## Work instruction
Please copy exactly the lines that begin with the one containing "1. the value" and end with the last line of the entries.

## Record set
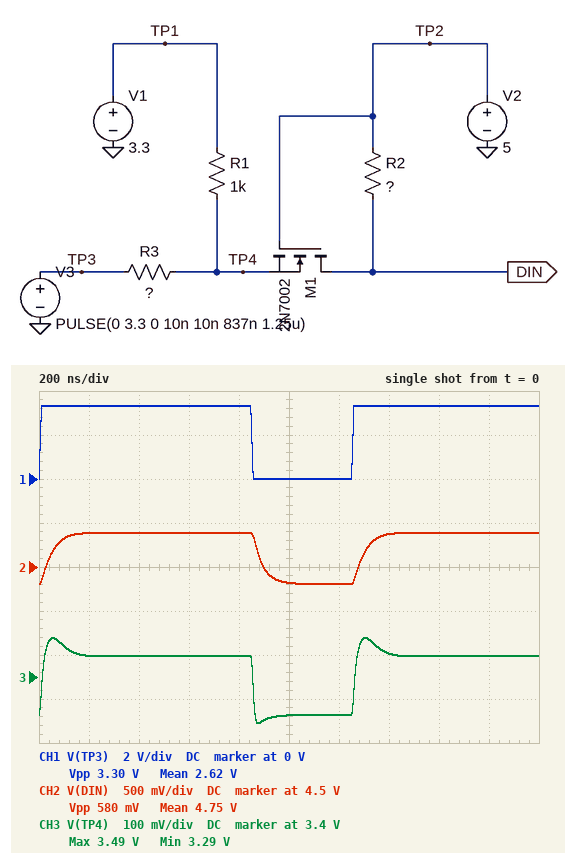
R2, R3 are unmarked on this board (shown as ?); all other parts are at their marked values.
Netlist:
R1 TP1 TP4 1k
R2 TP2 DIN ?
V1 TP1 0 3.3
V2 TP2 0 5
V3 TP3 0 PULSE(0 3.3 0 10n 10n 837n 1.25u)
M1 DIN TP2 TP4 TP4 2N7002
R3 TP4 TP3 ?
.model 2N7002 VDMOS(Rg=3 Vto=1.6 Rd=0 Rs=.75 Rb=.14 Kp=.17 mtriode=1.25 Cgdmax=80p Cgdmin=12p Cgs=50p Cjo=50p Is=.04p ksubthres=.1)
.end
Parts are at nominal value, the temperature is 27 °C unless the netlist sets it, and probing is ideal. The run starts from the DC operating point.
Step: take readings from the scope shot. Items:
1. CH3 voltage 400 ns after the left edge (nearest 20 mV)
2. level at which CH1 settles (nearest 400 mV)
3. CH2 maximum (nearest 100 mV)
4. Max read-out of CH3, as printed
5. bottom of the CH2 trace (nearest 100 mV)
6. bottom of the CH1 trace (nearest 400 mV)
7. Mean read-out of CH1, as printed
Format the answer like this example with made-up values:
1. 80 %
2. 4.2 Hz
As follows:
1. 3.44 V
2. 3.2 V
3. 4.9 V
4. 3.49 V
5. 4.3 V
6. 0 V
7. 2.62 V
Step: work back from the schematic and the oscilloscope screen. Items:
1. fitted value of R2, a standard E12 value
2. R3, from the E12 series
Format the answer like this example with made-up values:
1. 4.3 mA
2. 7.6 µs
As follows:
1. 560 Ω
2. 2.7 kΩ
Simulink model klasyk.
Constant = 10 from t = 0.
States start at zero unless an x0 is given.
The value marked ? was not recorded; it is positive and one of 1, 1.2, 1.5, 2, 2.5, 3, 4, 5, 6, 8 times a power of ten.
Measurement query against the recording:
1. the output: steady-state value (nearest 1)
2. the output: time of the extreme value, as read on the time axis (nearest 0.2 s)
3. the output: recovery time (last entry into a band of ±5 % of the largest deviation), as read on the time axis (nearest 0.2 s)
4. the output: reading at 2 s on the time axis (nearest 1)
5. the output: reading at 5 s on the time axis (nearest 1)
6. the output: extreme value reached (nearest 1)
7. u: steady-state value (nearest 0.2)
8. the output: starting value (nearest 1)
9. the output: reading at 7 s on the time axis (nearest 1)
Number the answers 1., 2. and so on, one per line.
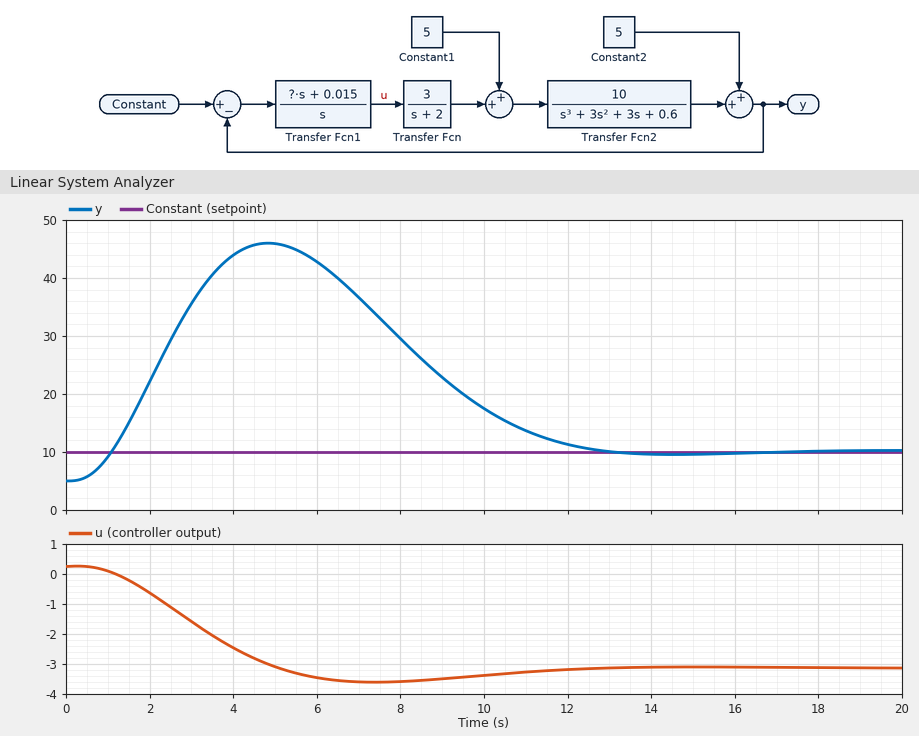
1. 10
2. 4.8 s
3. 11.6 s
4. 22
5. 46
6. 46
7. -3.2
8. 5
9. 37
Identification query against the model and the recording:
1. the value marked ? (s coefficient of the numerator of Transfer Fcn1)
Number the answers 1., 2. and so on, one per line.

1. 0.05

## Response to this task
1. the value marked ? (s coefficient of the numerator of Transfer Fcn1)
Number the answers 1., 2. and so on, one per line.

1. 0.05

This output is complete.